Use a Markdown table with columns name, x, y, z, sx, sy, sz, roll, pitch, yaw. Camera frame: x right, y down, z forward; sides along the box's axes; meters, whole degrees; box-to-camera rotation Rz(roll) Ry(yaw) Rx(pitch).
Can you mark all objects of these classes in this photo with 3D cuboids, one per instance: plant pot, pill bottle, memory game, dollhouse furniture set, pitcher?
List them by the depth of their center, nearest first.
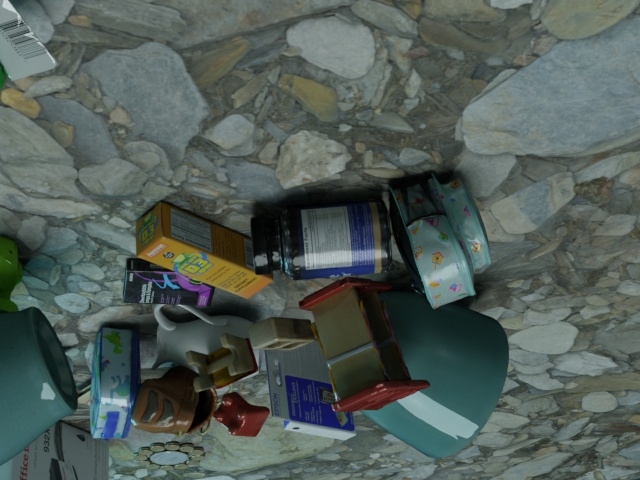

__Assignment__. With pictures excluded, restate word for word the lines from the one that contains "Can you mark" through the end of the material, inclusive, and nothing more.

__Solution__.
Can you mark all objects of these classes in this photo with 3D cuboids, one per instance: plant pot, pill bottle, memory game, dollhouse furniture set, pitcher?
List them by the depth of their center, nearest first.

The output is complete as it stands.